-- Records to process --
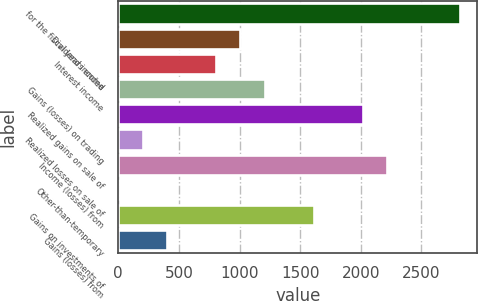<chart> <loc_0><loc_0><loc_500><loc_500><bar_chart><fcel>for the fiscal years ended<fcel>Dividend income<fcel>Interest income<fcel>Gains (losses) on trading<fcel>Realized gains on sale of<fcel>Realized losses on sale of<fcel>Income (losses) from<fcel>Other-than-temporary<fcel>Gains on investments of<fcel>Gains (losses) from<nl><fcel>2819.36<fcel>1007.3<fcel>805.96<fcel>1208.64<fcel>2014<fcel>201.94<fcel>2215.34<fcel>0.6<fcel>1611.32<fcel>403.28<nl></chart> 
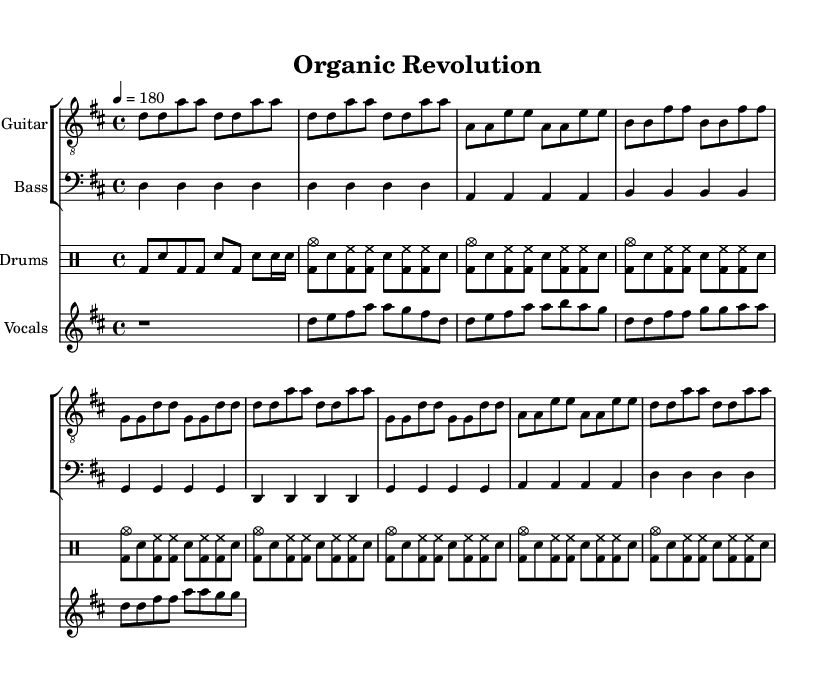What is the time signature of this music? The time signature is indicated at the beginning of the sheet music, which shows that it is in 4/4 time, meaning there are four beats per measure.
Answer: 4/4 What is the tempo of this piece? The tempo marking shows that the piece is set at a speed of 180 beats per minute, indicated by "4 = 180".
Answer: 180 How many verses are present in the structure of the song? The sheet music features a sequence that consists of a verse that repeats multiple times, as noted in the structure of the music, which indicates at least two occurrences of verses.
Answer: 2 What is the primary theme of the lyrics as shown in the sheet music? The lyrics express a connection to sustainable farming practices and indigenous knowledge, reflecting the overarching theme of organic farming and community.
Answer: Sustainability Which instrument is marked to play the "vocals" part? The sheet music explicitly lists a "Vocals" staff, indicating that the vocal melody is written to be sung, contrasting with the instrumental parts.
Answer: Vocals What is the key signature of this music? The key signature is indicated by the number of sharp or flat symbols at the beginning of the staff line, which indicates that it is in D major with two sharps, F# and C#.
Answer: D major What type of punk music is this piece representative of? Given the lyrical content focusing on sustainability and the fast-paced structure typical of punk, this piece can be categorized as eco-punk or political punk, which addresses social issues through its music.
Answer: Eco-punk 
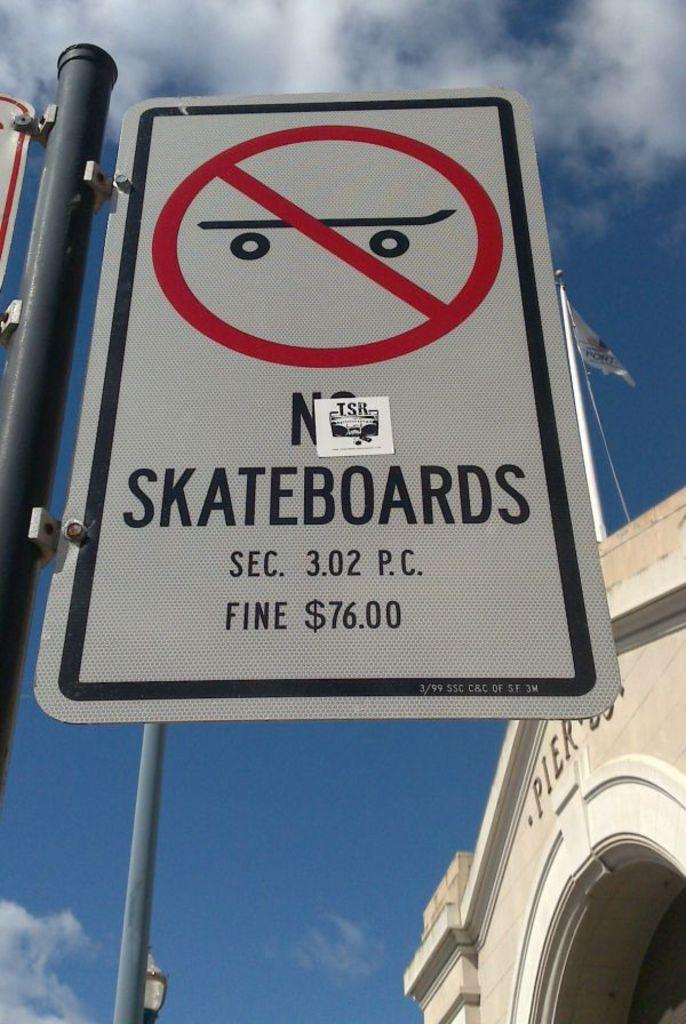What is the main object in the foreground of the image? There is a sign board in the image. What can be seen in the background of the image? There is a building in the background of the image. What other objects are visible in the image? There are poles visible in the image. What part of the natural environment is visible in the image? The sky is visible in the image. Can you see any chess pieces on the sign board in the image? There are no chess pieces visible on the sign board in the image. What type of fang can be seen on the building in the image? There are no fangs present on the building in the image. 
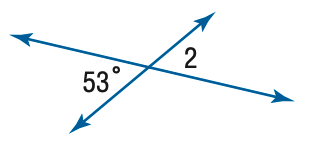Question: Find the measure of \angle 2.
Choices:
A. 53
B. 63
C. 73
D. 83
Answer with the letter. Answer: A

-- What you should do --
The answer should consist of all lines from the records above that hold the word "punk".

-- Solved exercise --
Answer: D major What type of punk music is this piece representative of? Given the lyrical content focusing on sustainability and the fast-paced structure typical of punk, this piece can be categorized as eco-punk or political punk, which addresses social issues through its music.
Answer: Eco-punk 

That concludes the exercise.